What is needed :: Look through the entries below for the string "whole", and copy each line where it is found.

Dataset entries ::
■ ■ ■ ■
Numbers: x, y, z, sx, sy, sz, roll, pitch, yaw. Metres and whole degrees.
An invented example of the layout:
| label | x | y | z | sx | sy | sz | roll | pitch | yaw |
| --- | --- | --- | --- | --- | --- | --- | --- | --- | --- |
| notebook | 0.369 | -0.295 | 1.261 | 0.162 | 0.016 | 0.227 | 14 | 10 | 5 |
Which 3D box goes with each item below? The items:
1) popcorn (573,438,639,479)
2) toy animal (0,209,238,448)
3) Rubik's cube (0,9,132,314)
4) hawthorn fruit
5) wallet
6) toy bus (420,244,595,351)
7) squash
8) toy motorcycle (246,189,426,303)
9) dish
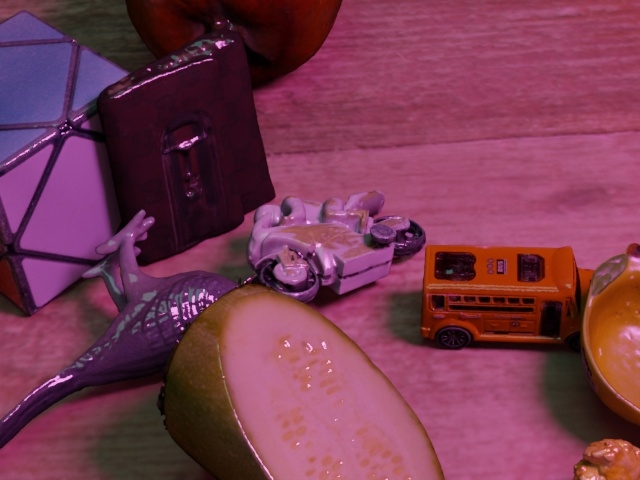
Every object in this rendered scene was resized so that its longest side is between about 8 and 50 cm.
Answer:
| label | x | y | z | sx | sy | sz | roll | pitch | yaw |
| --- | --- | --- | --- | --- | --- | --- | --- | --- | --- |
| popcorn | 0.258 | 0.214 | 1.269 | 0.084 | 0.084 | 0.084 | -3 | 45 | 3 |
| toy animal | -0.174 | 0.074 | 1.427 | 0.367 | 0.081 | 0.206 | -14 | 59 | -15 |
| Rubik's cube | -0.312 | -0.087 | 1.522 | 0.205 | 0.207 | 0.205 | 31 | 55 | 33 |
| hawthorn fruit | -0.107 | -0.306 | 1.693 | 0.267 | 0.268 | 0.301 | 8 | 49 | 13 |
| wallet | -0.139 | -0.096 | 1.497 | 0.182 | 0.229 | 0.049 | -28 | 45 | -22 |
| toy bus | 0.197 | 0.053 | 1.416 | 0.194 | 0.088 | 0.083 | 1 | 46 | 6 |
| squash | 0.007 | 0.165 | 1.256 | 0.260 | 0.189 | 0.189 | 27 | 53 | 33 |
| toy motorcycle | 0.000 | 0.000 | 1.486 | 0.228 | 0.074 | 0.151 | -25 | 45 | -39 |
| dish | 0.308 | 0.108 | 1.346 | 0.148 | 0.080 | 0.208 | 2 | 56 | -9 |
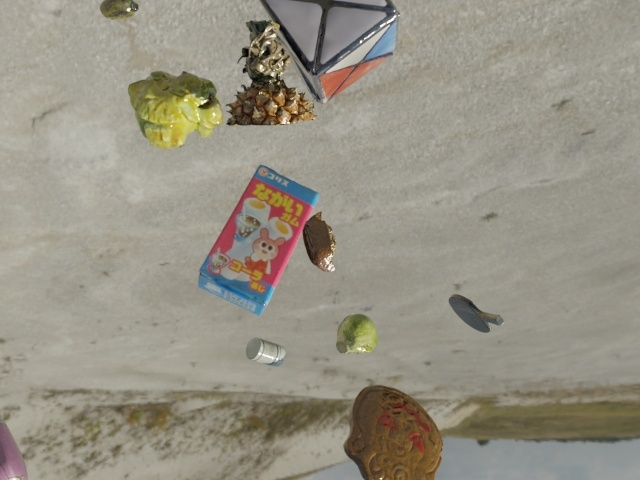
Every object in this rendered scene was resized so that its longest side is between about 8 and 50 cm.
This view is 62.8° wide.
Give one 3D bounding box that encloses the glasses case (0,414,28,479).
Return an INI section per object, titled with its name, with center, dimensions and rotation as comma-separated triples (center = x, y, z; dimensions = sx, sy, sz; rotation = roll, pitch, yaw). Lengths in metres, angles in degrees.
[glasses case]
center = -0.645, 0.350, 0.992
dimensions = 0.076, 0.316, 0.123
rotation = -30, 154, -35

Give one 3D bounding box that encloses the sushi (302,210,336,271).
[sushi]
center = 0.000, 0.000, 0.975
dimensions = 0.055, 0.120, 0.052
rotation = -7, 133, -14

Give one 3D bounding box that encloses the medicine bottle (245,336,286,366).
[medicine bottle]
center = -0.140, 0.286, 1.344
dimensions = 0.058, 0.058, 0.091
rotation = -13, 149, 42

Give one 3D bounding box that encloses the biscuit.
[biscuit]
center = 0.188, 0.503, 1.325
dimensions = 0.273, 0.257, 0.049
rotation = 32, 138, -4

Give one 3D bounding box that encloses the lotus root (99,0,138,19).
[lotus root]
center = -0.467, -0.544, 1.224
dimensions = 0.099, 0.049, 0.054
rotation = 1, -169, 18

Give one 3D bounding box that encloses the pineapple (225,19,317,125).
[pineapple]
center = -0.141, -0.454, 1.421
dimensions = 0.263, 0.271, 0.262
rotation = -3, -164, 1

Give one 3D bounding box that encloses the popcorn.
[popcorn]
center = -0.432, -0.402, 1.596
dimensions = 0.277, 0.276, 0.225
rotation = -1, 145, 9

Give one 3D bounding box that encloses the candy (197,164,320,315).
[candy]
center = -0.133, -0.005, 1.165
dimensions = 0.157, 0.305, 0.100
rotation = 25, 153, -2

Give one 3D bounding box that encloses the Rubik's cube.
[Rubik's cube]
center = 0.025, -0.639, 1.551
dimensions = 0.307, 0.310, 0.305
rotation = -34, 177, 5

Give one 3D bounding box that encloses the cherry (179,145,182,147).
[cherry]
center = -0.472, -0.422, 1.847
dimensions = 0.090, 0.107, 0.225
rotation = -6, 163, -32

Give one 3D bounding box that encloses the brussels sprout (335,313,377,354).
[brussels sprout]
center = 0.132, 0.345, 1.953
dimensions = 0.131, 0.145, 0.183
rotation = -8, 173, 43

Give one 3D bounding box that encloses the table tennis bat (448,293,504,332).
[table tennis bat]
center = 0.413, 0.198, 1.392
dimensions = 0.130, 0.019, 0.220
rotation = 51, 168, -9
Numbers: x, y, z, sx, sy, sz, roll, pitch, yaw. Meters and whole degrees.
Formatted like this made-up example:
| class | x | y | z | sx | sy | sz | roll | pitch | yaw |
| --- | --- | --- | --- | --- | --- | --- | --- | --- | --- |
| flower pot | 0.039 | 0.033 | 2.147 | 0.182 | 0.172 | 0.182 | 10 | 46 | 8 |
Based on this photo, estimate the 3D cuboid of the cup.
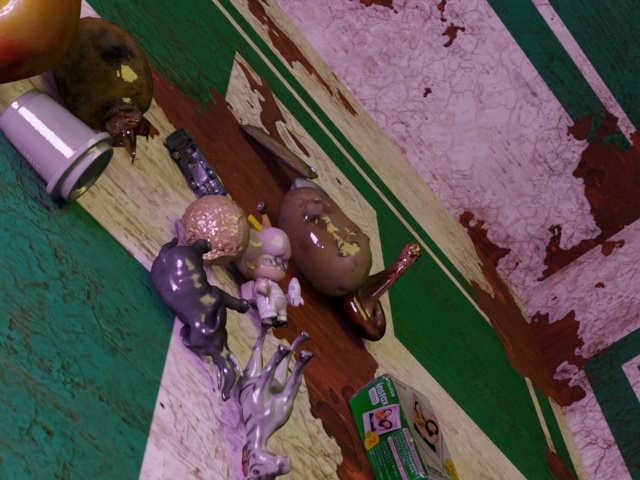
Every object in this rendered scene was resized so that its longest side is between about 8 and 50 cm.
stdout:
| class | x | y | z | sx | sy | sz | roll | pitch | yaw |
| --- | --- | --- | --- | --- | --- | --- | --- | --- | --- |
| cup | -0.371 | -0.135 | 1.293 | 0.141 | 0.120 | 0.120 | 40 | 17 | 2 |

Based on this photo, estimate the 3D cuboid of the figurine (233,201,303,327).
| class | x | y | z | sx | sy | sz | roll | pitch | yaw |
| --- | --- | --- | --- | --- | --- | --- | --- | --- | --- |
| figurine | -0.101 | 0.050 | 1.669 | 0.137 | 0.112 | 0.229 | 21 | 49 | -48 |

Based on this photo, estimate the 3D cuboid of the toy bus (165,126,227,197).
| class | x | y | z | sx | sy | sz | roll | pitch | yaw |
| --- | --- | --- | --- | --- | --- | --- | --- | --- | --- |
| toy bus | -0.236 | -0.140 | 1.764 | 0.153 | 0.051 | 0.061 | 57 | 4 | 11 |

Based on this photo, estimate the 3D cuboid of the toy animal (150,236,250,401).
| class | x | y | z | sx | sy | sz | roll | pitch | yaw |
| --- | --- | --- | --- | --- | --- | --- | --- | --- | --- |
| toy animal | -0.169 | 0.112 | 1.398 | 0.269 | 0.082 | 0.137 | 62 | 21 | 13 |

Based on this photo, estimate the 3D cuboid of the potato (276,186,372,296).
| class | x | y | z | sx | sy | sz | roll | pitch | yaw |
| --- | --- | --- | --- | --- | --- | --- | --- | --- | --- |
| potato | 0.000 | 0.000 | 1.965 | 0.262 | 0.165 | 0.165 | 50 | 15 | 17 |

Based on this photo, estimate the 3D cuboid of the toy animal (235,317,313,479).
| class | x | y | z | sx | sy | sz | roll | pitch | yaw |
| --- | --- | --- | --- | --- | --- | --- | --- | --- | --- |
| toy animal | -0.070 | 0.217 | 1.326 | 0.089 | 0.170 | 0.255 | 25 | 26 | -13 |

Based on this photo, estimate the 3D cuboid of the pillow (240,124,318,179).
| class | x | y | z | sx | sy | sz | roll | pitch | yaw |
| --- | --- | --- | --- | --- | --- | --- | --- | --- | --- |
| pillow | -0.099 | -0.215 | 2.245 | 0.217 | 0.033 | 0.130 | 39 | 13 | 7 |

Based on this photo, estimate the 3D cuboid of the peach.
| class | x | y | z | sx | sy | sz | roll | pitch | yaw |
| --- | --- | --- | --- | --- | --- | --- | --- | --- | --- |
| peach | -0.436 | -0.314 | 1.247 | 0.231 | 0.231 | 0.231 | 48 | 18 | -21 |

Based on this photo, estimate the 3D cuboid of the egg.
| class | x | y | z | sx | sy | sz | roll | pitch | yaw |
| --- | --- | --- | --- | --- | --- | --- | --- | --- | --- |
| egg | -0.178 | -0.017 | 1.578 | 0.140 | 0.118 | 0.116 | -121 | -155 | -46 |

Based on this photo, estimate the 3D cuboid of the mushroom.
| class | x | y | z | sx | sy | sz | roll | pitch | yaw |
| --- | --- | --- | --- | --- | --- | --- | --- | --- | --- |
| mushroom | 0.136 | 0.090 | 2.029 | 0.148 | 0.217 | 0.227 | 38 | 23 | -45 |

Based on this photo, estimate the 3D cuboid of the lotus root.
| class | x | y | z | sx | sy | sz | roll | pitch | yaw |
| --- | --- | --- | --- | --- | --- | --- | --- | --- | --- |
| lotus root | -0.347 | -0.253 | 1.502 | 0.154 | 0.154 | 0.278 | 31 | 28 | -53 |

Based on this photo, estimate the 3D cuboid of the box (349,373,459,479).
| class | x | y | z | sx | sy | sz | roll | pitch | yaw |
| --- | --- | --- | --- | --- | --- | --- | --- | --- | --- |
| box | 0.164 | 0.387 | 1.730 | 0.180 | 0.103 | 0.250 | 35 | 25 | -47 |

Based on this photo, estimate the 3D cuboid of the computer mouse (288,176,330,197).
| class | x | y | z | sx | sy | sz | roll | pitch | yaw |
| --- | --- | --- | --- | --- | --- | --- | --- | --- | --- |
| computer mouse | 0.007 | -0.058 | 2.228 | 0.231 | 0.079 | 0.128 | 50 | 19 | -27 |
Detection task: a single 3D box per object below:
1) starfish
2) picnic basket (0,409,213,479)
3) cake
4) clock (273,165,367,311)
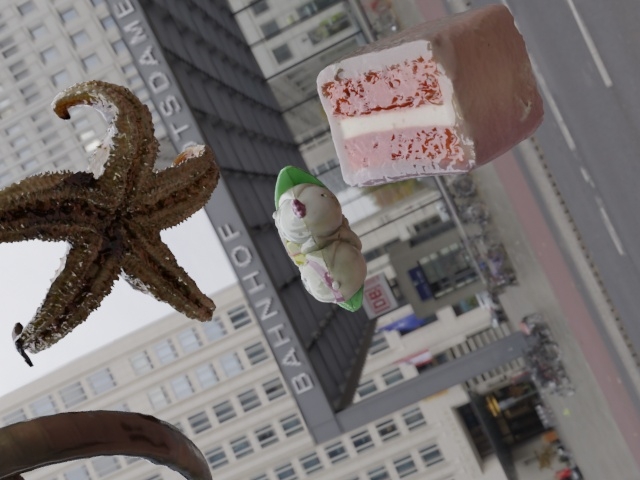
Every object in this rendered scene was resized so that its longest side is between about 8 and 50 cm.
[{"bbox_3d":[-0.218,-0.003,0.795,0.113,0.303,0.312,20,165,39],"label":"starfish"},{"bbox_3d":[-0.221,0.223,0.528,0.293,0.337,0.337,63,-174,-56],"label":"picnic basket"},{"bbox_3d":[0.179,-0.232,1.280,0.230,0.309,0.237,-34,-70,-39],"label":"cake"},{"bbox_3d":[0.000,0.000,1.102,0.231,0.103,0.144,61,-171,-12],"label":"clock"}]
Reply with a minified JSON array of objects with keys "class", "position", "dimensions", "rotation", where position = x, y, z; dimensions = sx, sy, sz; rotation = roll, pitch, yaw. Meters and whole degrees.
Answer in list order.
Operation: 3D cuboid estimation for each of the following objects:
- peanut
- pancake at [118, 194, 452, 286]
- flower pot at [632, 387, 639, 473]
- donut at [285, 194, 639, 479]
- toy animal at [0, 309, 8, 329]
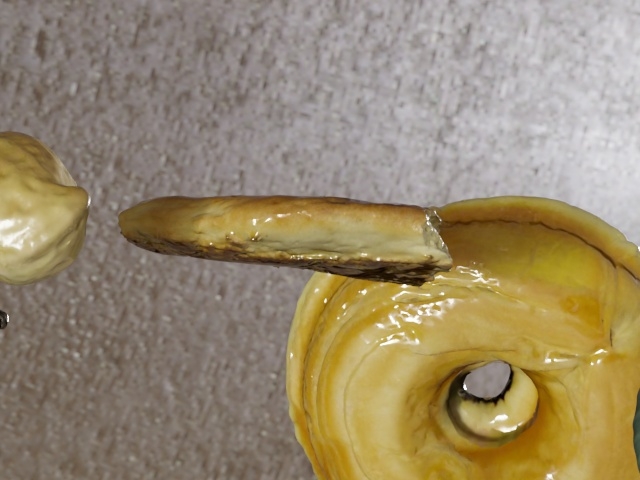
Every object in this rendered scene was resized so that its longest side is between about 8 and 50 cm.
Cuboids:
[{"class":"peanut","position":[-0.249,-0.030,0.919],"dimensions":[0.101,0.263,0.117],"rotation":[39,70,-45]},{"class":"pancake","position":[0.000,0.000,1.036],"dimensions":[0.244,0.266,0.057],"rotation":[13,83,-58]},{"class":"flower pot","position":[0.347,0.127,0.988],"dimensions":[0.243,0.189,0.157],"rotation":[-53,137,-22]},{"class":"donut","position":[0.179,0.159,1.381],"dimensions":[0.198,0.449,0.448],"rotation":[-66,165,-71]},{"class":"toy animal","position":[-0.406,0.061,1.279],"dimensions":[0.121,0.117,0.210],"rotation":[-30,146,-2]}]
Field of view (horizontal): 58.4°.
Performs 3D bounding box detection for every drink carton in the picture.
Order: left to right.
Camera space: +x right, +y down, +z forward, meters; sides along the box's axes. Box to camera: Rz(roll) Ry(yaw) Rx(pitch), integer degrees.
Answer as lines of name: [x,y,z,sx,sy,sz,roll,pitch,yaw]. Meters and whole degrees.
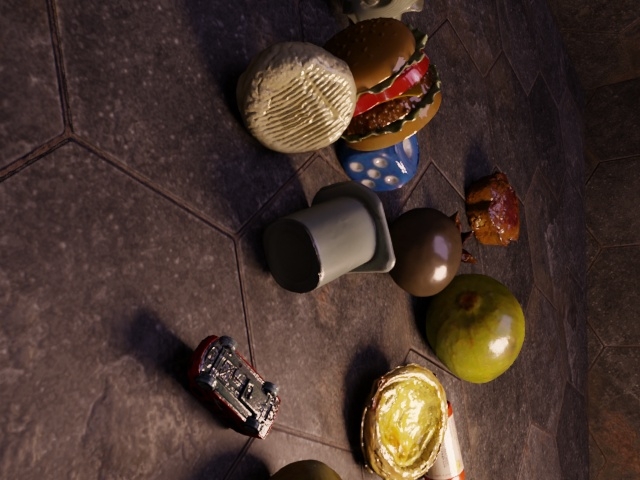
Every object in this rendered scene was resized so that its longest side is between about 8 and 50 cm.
drink carton: [0.000,0.000,1.088,0.189,0.185,0.191,-22,104,-42]

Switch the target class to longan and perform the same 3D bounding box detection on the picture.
longan: [0.247,0.023,1.388,0.196,0.196,0.220,42,53,-42]

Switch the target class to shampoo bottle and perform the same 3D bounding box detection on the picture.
shampoo bottle: [0.285,0.467,1.431,0.104,0.104,0.278,-20,100,-53]

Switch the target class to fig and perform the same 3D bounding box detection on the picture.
fig: [0.419,0.253,1.536,0.258,0.258,0.326,-60,141,-40]

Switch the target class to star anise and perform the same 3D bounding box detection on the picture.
star anise: [0.357,0.040,1.604,0.196,0.111,0.212,43,59,-34]

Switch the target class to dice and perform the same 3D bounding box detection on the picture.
dice: [0.140,-0.208,1.322,0.143,0.146,0.146,51,45,-38]

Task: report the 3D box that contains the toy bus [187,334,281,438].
toy bus: [-0.146,0.229,0.899,0.195,0.089,0.081,56,43,-33]

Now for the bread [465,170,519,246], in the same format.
bread: [0.578,-0.104,1.908,0.232,0.135,0.247,-19,100,-53]

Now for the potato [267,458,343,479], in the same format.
potato: [-0.053,0.494,0.909,0.210,0.173,0.307,60,45,-25]

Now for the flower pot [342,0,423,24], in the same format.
flower pot: [0.105,-0.649,1.243,0.367,0.254,0.164,40,49,-38]

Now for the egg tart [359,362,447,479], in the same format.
egg tart: [0.180,0.410,1.297,0.279,0.095,0.279,2,87,-39]

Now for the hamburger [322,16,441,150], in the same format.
hamburger: [0.104,-0.340,1.192,0.212,0.274,0.274,52,46,-37]

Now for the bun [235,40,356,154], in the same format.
bun: [-0.050,-0.268,1.054,0.220,0.220,0.134,44,22,-41]
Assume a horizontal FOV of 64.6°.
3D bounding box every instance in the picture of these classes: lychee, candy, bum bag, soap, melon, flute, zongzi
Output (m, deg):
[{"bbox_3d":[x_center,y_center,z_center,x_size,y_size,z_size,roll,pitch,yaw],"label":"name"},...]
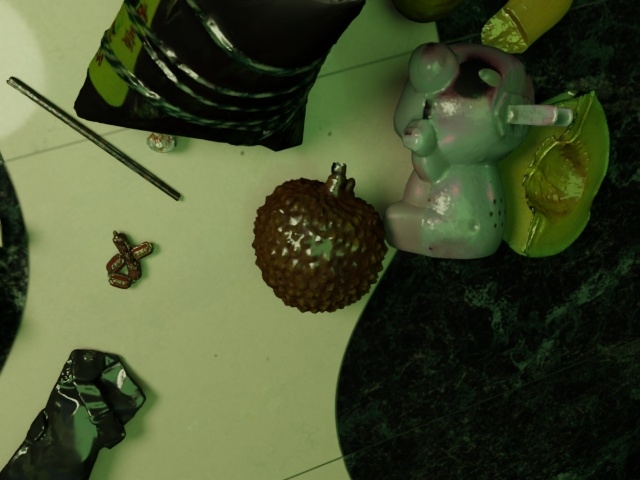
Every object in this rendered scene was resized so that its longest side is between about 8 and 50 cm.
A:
[{"bbox_3d":[0.000,0.000,0.736,0.200,0.200,0.238,9,120,-16],"label":"lychee"},{"bbox_3d":[-0.236,-0.213,0.700,0.053,0.046,0.182,-4,109,3],"label":"candy"},{"bbox_3d":[-0.390,0.317,0.777,0.137,0.074,0.310,31,89,-7],"label":"bum bag"},{"bbox_3d":[0.335,-0.361,0.810,0.089,0.033,0.168,42,92,-17],"label":"soap"},{"bbox_3d":[0.376,-0.102,0.848,0.169,0.129,0.265,13,98,-39],"label":"melon"},{"bbox_3d":[-0.313,-0.139,0.715,0.269,0.014,0.014,37,93,-19],"label":"flute"},{"bbox_3d":[-0.076,-0.213,0.532,0.319,0.362,0.383,-6,137,-29],"label":"zongzi"}]

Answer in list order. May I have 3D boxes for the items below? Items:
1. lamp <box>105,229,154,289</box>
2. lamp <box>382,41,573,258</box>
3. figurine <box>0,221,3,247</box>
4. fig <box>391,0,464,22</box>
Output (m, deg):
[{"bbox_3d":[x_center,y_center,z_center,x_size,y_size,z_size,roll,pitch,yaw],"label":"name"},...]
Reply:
[{"bbox_3d":[-0.292,0.033,0.756,0.063,0.031,0.083,22,102,-17],"label":"lamp"},{"bbox_3d":[0.217,-0.127,0.728,0.247,0.247,0.301,-8,106,-43],"label":"lamp"},{"bbox_3d":[-0.491,0.064,0.685,0.102,0.111,0.195,2,100,-32],"label":"figurine"},{"bbox_3d":[0.207,-0.418,0.710,0.259,0.151,0.151,-30,109,-9],"label":"fig"}]
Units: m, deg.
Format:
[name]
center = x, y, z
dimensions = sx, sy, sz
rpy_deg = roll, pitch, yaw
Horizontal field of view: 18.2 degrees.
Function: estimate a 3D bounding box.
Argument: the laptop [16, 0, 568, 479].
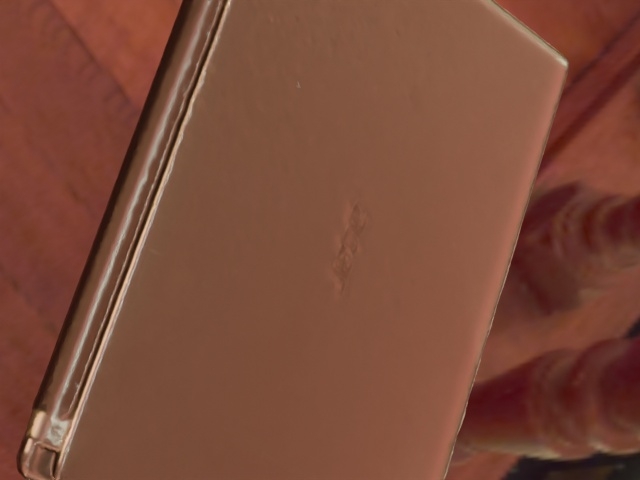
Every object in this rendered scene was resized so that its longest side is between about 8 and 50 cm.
[laptop]
center = 0.000, 0.000, 0.523
dimensions = 0.129, 0.016, 0.180
rpy_deg = 33, 68, -36
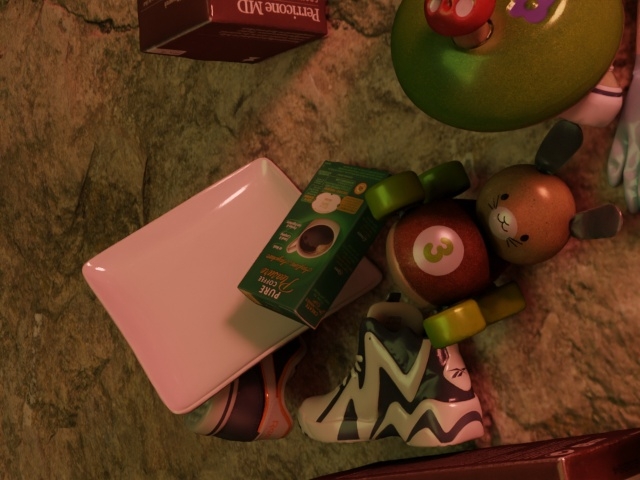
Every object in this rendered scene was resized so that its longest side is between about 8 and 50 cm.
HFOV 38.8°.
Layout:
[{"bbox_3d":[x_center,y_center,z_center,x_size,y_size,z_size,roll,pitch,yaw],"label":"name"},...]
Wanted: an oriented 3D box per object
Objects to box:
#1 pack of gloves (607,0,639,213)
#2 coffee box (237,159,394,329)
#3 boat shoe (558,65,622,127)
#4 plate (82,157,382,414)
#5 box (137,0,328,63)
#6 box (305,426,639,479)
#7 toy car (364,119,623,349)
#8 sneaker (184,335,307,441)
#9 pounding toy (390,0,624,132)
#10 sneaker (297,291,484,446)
[{"bbox_3d":[0.297,-0.112,0.672,0.195,0.046,0.232,18,107,49],"label":"pack of gloves"},{"bbox_3d":[0.000,0.000,0.985,0.113,0.040,0.184,15,66,49],"label":"coffee box"},{"bbox_3d":[0.158,-0.208,0.795,0.302,0.109,0.094,53,127,38],"label":"boat shoe"},{"bbox_3d":[-0.109,0.048,1.075,0.277,0.278,0.045,46,163,39],"label":"plate"},{"bbox_3d":[-0.110,-0.331,1.079,0.167,0.168,0.203,-6,89,52],"label":"box"},{"bbox_3d":[0.139,0.295,0.838,0.381,0.143,0.191,-23,75,49],"label":"box"},{"bbox_3d":[0.161,-0.016,0.785,0.188,0.149,0.155,-30,81,41],"label":"toy car"},{"bbox_3d":[-0.096,0.116,1.153,0.126,0.127,0.321,-49,31,39],"label":"sneaker"},{"bbox_3d":[0.154,-0.190,0.675,0.237,0.110,0.183,-11,62,17],"label":"pounding toy"},{"bbox_3d":[0.061,0.133,0.959,0.235,0.094,0.153,-10,83,52],"label":"sneaker"}]
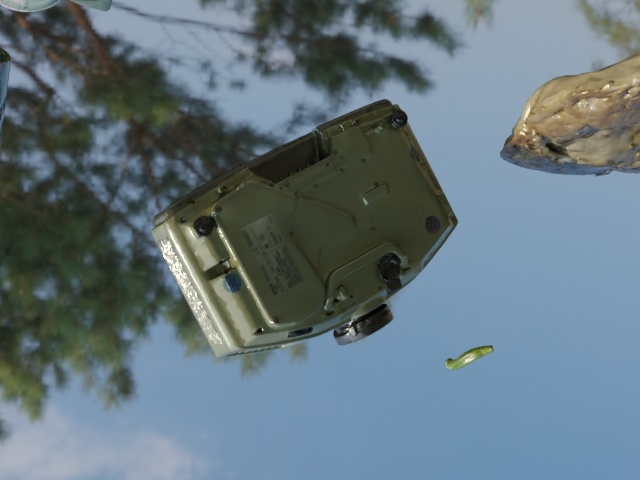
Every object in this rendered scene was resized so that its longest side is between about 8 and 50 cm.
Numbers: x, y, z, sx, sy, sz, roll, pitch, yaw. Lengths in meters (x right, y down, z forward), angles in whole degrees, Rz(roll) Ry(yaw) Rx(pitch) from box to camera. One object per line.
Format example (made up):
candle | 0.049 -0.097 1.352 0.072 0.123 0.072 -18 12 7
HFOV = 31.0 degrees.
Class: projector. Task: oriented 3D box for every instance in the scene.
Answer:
projector | 0.000 0.000 1.075 0.269 0.194 0.088 -29 -177 -25

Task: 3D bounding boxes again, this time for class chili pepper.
chili pepper | 0.177 0.143 1.412 0.030 0.017 0.083 -33 -179 -35

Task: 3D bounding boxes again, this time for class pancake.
pancake | 0.367 -0.121 1.114 0.386 0.082 0.387 -3 167 -1

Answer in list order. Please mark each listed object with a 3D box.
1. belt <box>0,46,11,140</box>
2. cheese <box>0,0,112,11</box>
belt | -0.594 -0.213 1.510 0.436 0.173 0.300 26 -162 32
cheese | -0.238 -0.225 1.008 0.120 0.067 0.026 -2 -131 -26
■ ■ ■ ■
Exercise solution ::
Numbers: x, y, z, sx, sy, sz, roll, pitch, yaw. Metres and whole degrees.
Numbers: x, y, z, sx, sy, sz, roll, pitch, yaw. Meters and whole degrees.
Reply with a minified JSON array of objects with keys "class", "position", "dimensions", "rotation", where position = x, y, z; dimensions = sx, sy, sz; rotation = roll, pitch, yaw. Meters and whole degrees.
Answer as lines of name: [x,y,z,sx,sy,sz,roll,pitch,yaw]. Meters and whole degrees.
Numbers: x, y, z, sx, sy, sz, roll, pitch, yaw. Lengths in meters (x right, y down, z forward), angles in whole degrees, Rz(roll) Ry(yaw) Rx(pitch) from box to camera. One object per line.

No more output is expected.